The series 2014A bonds are secured by a first lien on net revenues of DC Water. The series 2014A bonds will not carry a debt service reserve. Outstanding subordinate lien bonds are also secured by net revenue, after provision for the senior lien bonds. A default on the subordinate lien obligations would not trigger a default on the senior lien bonds.
KEY RATING DRIVERS
REGIONAL PROVIDER OF ESSENTIAL SERVICE: DC Water provides an essential service to a large service territory that includes the nation's capital and a highly diverse and mostly affluent customer base.
SOUND FINANCIAL METRICS: The authority continues to generate strong coverage of senior-lien debt service while maintaining satisfactory reserves and adequate coverage of subordinate-lien obligations. DC Water's conservatively projected 1.4x all-in debt service coverage (DSC) through the current forecast period is slightly below Fitch Ratings' 'AA' rating category median but is satisfactory relative to the system's overall risk profile.
LARGE CAPITAL PROGRAM: The authority's sizable capital program will rely significantly on debt issuance over the next several years and increase leverage from an already high level. The exceptionally long life of the series 2014A bonds is a departure from DC Water's historically conservative approach to debt issuance that Fitch views with some concern.
STRONG MANAGEMENT: The authority's operations and large capital program are guided by an effective financial management team that ensures regulatory compliance and consistently healthy financial performance.
LOW RATES: Affordable user charges and management's ability to raise rates independent of outside oversight provides considerable flexibility to contend with planned borrowings and mounting debt service obligations. Manageable annual rate increases included in the authority's financial forecast should keep user charges at an affordable level.
AMPLE CAPACITY: The combined system benefits from an abundant water supply and ample water and sewer treatment capacity.
GROWTH IN CAPITAL NEEDS: Increases to the size and scope of DC Water's current capital program and debt financing plans beyond what is currently projected would exert downward pressure on the current ratings.
PROLIFERATION OF ELONGATED DEBT: Escalation in the use of long-dated debt, particularly as a means to avoid increasing rates when needed, would likely lead to negative rating action.
DEVIATION FROM FINANCIAL FORECAST: Weaker than currently projected operating results, while not anticipated, would be viewed negatively.

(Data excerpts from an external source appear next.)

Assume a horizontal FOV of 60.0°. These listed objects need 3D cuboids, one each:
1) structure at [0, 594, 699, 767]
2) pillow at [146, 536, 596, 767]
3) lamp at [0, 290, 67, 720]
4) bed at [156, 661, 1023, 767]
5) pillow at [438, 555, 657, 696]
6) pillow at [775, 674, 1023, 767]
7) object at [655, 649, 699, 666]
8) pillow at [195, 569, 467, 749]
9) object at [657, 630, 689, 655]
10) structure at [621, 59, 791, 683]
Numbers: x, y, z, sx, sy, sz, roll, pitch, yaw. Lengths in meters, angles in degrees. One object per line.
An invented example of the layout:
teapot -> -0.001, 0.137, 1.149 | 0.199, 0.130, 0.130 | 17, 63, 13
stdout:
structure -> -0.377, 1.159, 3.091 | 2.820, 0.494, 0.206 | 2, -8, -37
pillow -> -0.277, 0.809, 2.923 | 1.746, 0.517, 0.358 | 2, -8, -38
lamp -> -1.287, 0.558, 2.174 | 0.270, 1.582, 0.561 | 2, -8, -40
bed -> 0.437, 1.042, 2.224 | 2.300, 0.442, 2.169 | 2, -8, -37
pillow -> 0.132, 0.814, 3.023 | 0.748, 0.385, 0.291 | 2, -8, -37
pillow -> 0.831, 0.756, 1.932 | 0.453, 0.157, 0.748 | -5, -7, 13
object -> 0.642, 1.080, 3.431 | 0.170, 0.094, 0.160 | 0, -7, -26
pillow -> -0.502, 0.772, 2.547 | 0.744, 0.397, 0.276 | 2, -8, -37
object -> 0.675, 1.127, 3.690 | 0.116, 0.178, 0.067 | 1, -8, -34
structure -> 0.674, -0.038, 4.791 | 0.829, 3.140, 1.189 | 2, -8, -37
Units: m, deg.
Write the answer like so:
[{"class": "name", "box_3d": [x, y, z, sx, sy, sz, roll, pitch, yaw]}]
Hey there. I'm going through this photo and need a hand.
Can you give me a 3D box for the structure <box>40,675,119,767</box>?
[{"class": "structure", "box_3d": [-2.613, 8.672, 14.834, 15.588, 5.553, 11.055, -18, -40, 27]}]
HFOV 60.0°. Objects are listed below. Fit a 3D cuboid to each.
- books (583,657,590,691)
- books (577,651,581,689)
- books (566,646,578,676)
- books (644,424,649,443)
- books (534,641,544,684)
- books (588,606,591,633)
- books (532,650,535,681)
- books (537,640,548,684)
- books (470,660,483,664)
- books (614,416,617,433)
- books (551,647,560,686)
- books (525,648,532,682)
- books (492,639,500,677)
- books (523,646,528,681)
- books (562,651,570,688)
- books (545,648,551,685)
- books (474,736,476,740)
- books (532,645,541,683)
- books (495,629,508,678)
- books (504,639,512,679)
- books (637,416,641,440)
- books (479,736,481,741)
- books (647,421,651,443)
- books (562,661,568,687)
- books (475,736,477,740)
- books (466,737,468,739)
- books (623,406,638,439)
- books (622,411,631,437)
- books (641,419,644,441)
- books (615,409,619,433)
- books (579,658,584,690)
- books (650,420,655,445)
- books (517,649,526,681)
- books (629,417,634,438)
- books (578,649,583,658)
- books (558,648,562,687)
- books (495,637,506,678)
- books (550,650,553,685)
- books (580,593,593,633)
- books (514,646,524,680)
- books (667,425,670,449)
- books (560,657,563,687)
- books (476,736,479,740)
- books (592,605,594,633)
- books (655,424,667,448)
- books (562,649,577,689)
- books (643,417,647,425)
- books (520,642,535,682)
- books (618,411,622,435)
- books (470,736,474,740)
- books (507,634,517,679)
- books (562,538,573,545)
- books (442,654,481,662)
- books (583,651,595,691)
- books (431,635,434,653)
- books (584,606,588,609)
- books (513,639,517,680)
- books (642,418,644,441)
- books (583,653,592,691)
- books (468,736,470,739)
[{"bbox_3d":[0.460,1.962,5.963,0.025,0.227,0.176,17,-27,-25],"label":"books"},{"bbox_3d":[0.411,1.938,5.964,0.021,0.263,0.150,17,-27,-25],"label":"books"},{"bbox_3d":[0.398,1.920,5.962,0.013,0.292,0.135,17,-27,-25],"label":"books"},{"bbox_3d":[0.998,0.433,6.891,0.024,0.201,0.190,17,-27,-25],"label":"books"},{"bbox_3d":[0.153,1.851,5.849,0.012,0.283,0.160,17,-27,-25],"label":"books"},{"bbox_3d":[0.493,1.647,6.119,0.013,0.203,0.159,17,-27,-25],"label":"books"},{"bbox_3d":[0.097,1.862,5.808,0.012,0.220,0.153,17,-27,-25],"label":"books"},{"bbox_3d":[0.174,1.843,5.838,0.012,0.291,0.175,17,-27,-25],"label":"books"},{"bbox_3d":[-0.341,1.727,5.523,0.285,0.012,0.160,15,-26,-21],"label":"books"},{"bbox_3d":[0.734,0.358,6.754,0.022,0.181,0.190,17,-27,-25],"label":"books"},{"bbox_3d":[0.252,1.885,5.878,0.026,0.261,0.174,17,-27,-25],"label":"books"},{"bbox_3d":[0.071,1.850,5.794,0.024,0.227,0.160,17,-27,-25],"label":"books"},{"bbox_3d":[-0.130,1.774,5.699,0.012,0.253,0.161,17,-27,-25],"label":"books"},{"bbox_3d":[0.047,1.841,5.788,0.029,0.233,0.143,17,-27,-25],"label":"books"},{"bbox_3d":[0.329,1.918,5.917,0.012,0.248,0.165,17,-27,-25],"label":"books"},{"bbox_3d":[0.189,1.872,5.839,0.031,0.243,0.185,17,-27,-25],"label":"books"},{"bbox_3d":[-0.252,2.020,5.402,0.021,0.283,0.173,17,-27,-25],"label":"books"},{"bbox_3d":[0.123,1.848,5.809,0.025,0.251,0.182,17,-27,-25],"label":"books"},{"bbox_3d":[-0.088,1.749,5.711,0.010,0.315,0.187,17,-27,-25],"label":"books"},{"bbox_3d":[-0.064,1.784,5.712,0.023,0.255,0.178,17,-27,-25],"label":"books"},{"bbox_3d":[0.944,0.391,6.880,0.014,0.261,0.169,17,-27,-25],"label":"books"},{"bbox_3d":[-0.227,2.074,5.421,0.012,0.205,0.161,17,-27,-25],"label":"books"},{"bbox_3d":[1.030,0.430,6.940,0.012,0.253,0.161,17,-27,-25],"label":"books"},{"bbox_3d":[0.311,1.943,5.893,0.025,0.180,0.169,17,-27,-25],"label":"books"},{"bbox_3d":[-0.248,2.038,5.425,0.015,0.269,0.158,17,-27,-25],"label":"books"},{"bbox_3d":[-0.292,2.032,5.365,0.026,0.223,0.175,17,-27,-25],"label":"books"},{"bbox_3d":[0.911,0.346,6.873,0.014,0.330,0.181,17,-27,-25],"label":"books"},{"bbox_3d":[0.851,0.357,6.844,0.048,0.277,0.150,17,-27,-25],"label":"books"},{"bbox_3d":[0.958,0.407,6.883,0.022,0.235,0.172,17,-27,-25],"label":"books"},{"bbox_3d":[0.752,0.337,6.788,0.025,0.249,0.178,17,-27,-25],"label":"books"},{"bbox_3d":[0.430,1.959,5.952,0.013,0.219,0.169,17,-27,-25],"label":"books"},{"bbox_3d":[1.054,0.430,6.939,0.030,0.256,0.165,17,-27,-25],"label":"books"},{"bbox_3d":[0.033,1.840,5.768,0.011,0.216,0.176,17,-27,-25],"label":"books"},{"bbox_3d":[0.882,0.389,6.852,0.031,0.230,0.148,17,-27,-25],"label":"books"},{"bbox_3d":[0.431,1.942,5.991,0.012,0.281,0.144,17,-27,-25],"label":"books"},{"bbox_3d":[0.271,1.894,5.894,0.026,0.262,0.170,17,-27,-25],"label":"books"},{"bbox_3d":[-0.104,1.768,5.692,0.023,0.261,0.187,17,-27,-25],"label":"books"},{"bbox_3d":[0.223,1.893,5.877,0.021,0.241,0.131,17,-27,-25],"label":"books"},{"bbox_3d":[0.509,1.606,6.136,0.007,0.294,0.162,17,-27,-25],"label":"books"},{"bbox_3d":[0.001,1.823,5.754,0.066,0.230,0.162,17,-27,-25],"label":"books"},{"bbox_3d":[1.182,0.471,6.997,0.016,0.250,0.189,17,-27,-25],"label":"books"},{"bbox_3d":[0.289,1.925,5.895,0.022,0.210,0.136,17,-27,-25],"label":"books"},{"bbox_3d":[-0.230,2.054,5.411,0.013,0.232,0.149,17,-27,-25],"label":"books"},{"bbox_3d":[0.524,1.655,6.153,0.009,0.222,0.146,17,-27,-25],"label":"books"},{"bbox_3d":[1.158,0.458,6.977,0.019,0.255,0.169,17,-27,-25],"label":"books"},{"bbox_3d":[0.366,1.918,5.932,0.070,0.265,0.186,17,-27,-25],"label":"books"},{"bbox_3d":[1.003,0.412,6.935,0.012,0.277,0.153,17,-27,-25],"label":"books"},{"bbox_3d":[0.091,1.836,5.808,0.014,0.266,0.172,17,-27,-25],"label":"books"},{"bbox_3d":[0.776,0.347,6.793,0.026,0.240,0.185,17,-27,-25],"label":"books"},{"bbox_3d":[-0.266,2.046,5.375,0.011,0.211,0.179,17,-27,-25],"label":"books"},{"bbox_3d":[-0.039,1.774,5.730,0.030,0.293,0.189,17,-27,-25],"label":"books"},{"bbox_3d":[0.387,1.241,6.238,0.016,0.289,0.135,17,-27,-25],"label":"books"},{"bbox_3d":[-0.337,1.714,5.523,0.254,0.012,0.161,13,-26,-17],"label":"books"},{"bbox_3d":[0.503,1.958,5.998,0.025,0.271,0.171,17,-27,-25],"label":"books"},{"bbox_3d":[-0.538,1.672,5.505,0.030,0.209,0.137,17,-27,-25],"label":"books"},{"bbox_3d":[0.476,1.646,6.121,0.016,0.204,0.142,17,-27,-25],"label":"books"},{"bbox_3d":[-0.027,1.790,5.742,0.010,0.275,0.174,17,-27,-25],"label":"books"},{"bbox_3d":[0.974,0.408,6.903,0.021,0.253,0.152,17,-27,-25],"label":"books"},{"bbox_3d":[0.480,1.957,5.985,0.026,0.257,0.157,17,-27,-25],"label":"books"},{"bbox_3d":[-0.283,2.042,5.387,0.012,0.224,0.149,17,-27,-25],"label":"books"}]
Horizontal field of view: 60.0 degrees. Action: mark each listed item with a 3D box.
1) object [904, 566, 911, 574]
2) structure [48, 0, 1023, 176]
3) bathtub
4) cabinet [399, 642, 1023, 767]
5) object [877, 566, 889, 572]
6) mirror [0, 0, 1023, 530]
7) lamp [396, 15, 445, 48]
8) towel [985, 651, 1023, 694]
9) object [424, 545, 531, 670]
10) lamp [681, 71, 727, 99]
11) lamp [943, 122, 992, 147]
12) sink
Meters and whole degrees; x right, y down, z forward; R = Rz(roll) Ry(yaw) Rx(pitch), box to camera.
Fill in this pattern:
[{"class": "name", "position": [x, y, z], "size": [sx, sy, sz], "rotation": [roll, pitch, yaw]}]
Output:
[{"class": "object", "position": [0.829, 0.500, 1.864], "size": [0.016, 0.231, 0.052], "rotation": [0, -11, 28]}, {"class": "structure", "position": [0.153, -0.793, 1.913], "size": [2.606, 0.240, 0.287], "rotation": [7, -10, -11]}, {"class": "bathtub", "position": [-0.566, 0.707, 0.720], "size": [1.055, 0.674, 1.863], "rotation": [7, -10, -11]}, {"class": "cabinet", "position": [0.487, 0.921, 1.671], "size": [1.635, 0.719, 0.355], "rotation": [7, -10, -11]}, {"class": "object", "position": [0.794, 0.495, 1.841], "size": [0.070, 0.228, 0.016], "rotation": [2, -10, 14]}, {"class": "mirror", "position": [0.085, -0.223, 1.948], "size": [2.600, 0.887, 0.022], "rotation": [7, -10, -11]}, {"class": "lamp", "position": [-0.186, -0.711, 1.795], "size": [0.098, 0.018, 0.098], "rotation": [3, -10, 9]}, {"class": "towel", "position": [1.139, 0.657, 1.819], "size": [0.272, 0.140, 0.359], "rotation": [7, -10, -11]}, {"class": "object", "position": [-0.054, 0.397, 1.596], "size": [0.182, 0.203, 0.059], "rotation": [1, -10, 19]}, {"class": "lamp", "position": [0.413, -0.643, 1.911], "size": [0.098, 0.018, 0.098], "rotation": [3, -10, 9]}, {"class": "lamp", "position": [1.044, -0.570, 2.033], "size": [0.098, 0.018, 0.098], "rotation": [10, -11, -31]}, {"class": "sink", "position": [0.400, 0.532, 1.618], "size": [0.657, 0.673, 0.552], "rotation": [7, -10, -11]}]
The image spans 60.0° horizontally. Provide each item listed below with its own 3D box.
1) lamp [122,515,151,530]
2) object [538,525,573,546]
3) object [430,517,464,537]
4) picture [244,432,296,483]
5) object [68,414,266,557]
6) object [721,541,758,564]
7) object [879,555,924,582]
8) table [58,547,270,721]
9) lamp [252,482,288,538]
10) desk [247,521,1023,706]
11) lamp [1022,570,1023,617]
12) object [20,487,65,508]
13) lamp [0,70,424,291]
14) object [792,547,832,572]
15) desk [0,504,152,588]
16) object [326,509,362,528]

CHANGE IN CAPITAL STRUCTURE
The 100-year life of the 2014A bonds is more than twice the average duration of DC Water's existing obligations and could ultimately limit the flexibility of future governing bodies of the authority. Once issued, the bonds will account for approximately 12% of the authority's total debt portfolio.
While Fitch recognizes DC Water's stated goals of securing low cost capital and aligning the life of the series 2014A bonds with the useful life of the asset being financed, the exceptionally long life of the debt will dramatically slow the authority's already weak pace of total principal amortization to a level that is inconsistent with the current rating category. Just 43% of total principal will be amortized over the next 20 years following the issuance of the series 2014A bonds, compared to Fitch's 'AA' rating category median of 77%.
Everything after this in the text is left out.